Entries shown

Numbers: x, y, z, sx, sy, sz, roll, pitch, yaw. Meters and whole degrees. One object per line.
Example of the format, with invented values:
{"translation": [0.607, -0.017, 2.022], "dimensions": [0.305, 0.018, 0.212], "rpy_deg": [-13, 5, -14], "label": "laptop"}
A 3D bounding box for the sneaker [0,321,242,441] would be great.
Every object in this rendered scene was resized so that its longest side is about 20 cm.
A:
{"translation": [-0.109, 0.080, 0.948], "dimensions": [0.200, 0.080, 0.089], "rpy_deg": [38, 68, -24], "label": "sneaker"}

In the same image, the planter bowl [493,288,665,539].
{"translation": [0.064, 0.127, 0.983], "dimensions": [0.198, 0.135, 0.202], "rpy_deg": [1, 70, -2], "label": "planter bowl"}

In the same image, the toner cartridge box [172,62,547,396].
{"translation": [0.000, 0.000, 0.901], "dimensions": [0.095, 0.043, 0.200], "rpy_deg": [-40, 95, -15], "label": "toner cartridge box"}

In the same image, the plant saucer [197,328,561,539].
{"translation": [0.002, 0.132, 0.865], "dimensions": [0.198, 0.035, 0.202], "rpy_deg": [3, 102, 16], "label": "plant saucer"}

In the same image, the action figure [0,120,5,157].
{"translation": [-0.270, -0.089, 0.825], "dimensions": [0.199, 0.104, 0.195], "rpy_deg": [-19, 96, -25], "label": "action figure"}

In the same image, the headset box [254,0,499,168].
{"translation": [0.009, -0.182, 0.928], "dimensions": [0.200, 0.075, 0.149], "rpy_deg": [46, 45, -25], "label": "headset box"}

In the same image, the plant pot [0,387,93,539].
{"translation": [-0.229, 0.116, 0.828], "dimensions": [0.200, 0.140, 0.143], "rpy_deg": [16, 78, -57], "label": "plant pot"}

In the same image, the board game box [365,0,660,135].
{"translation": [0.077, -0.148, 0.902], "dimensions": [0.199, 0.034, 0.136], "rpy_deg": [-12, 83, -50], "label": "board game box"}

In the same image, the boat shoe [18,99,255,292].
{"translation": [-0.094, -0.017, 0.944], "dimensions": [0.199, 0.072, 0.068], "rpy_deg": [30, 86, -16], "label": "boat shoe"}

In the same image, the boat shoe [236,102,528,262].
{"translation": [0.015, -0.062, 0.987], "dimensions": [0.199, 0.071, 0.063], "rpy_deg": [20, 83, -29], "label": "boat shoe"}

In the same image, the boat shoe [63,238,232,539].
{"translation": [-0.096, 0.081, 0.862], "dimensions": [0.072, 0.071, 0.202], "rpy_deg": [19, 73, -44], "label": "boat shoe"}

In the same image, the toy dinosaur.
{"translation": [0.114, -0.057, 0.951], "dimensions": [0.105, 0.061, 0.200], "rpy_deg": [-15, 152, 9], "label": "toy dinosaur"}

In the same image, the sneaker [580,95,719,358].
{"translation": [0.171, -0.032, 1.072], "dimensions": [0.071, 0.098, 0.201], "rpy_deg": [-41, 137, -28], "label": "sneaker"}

Prompt
Every line of the data above is to be copied out exactly.

Solution to the exercise
Numbers: x, y, z, sx, sy, sz, roll, pitch, yaw. Meters and whole degrees. One object per line.
Example of the format, with invented values:
{"translation": [0.607, -0.017, 2.022], "dimensions": [0.305, 0.018, 0.212], "rpy_deg": [-13, 5, -14], "label": "laptop"}
A 3D bounding box for the sneaker [0,321,242,441] would be great.
Every object in this rendered scene was resized so that its longest side is about 20 cm.
A:
{"translation": [-0.109, 0.080, 0.948], "dimensions": [0.200, 0.080, 0.089], "rpy_deg": [38, 68, -24], "label": "sneaker"}

In the same image, the planter bowl [493,288,665,539].
{"translation": [0.064, 0.127, 0.983], "dimensions": [0.198, 0.135, 0.202], "rpy_deg": [1, 70, -2], "label": "planter bowl"}

In the same image, the toner cartridge box [172,62,547,396].
{"translation": [0.000, 0.000, 0.901], "dimensions": [0.095, 0.043, 0.200], "rpy_deg": [-40, 95, -15], "label": "toner cartridge box"}

In the same image, the plant saucer [197,328,561,539].
{"translation": [0.002, 0.132, 0.865], "dimensions": [0.198, 0.035, 0.202], "rpy_deg": [3, 102, 16], "label": "plant saucer"}

In the same image, the action figure [0,120,5,157].
{"translation": [-0.270, -0.089, 0.825], "dimensions": [0.199, 0.104, 0.195], "rpy_deg": [-19, 96, -25], "label": "action figure"}

In the same image, the headset box [254,0,499,168].
{"translation": [0.009, -0.182, 0.928], "dimensions": [0.200, 0.075, 0.149], "rpy_deg": [46, 45, -25], "label": "headset box"}

In the same image, the plant pot [0,387,93,539].
{"translation": [-0.229, 0.116, 0.828], "dimensions": [0.200, 0.140, 0.143], "rpy_deg": [16, 78, -57], "label": "plant pot"}

In the same image, the board game box [365,0,660,135].
{"translation": [0.077, -0.148, 0.902], "dimensions": [0.199, 0.034, 0.136], "rpy_deg": [-12, 83, -50], "label": "board game box"}

In the same image, the boat shoe [18,99,255,292].
{"translation": [-0.094, -0.017, 0.944], "dimensions": [0.199, 0.072, 0.068], "rpy_deg": [30, 86, -16], "label": "boat shoe"}

In the same image, the boat shoe [236,102,528,262].
{"translation": [0.015, -0.062, 0.987], "dimensions": [0.199, 0.071, 0.063], "rpy_deg": [20, 83, -29], "label": "boat shoe"}

In the same image, the boat shoe [63,238,232,539].
{"translation": [-0.096, 0.081, 0.862], "dimensions": [0.072, 0.071, 0.202], "rpy_deg": [19, 73, -44], "label": "boat shoe"}

In the same image, the toy dinosaur.
{"translation": [0.114, -0.057, 0.951], "dimensions": [0.105, 0.061, 0.200], "rpy_deg": [-15, 152, 9], "label": "toy dinosaur"}

In the same image, the sneaker [580,95,719,358].
{"translation": [0.171, -0.032, 1.072], "dimensions": [0.071, 0.098, 0.201], "rpy_deg": [-41, 137, -28], "label": "sneaker"}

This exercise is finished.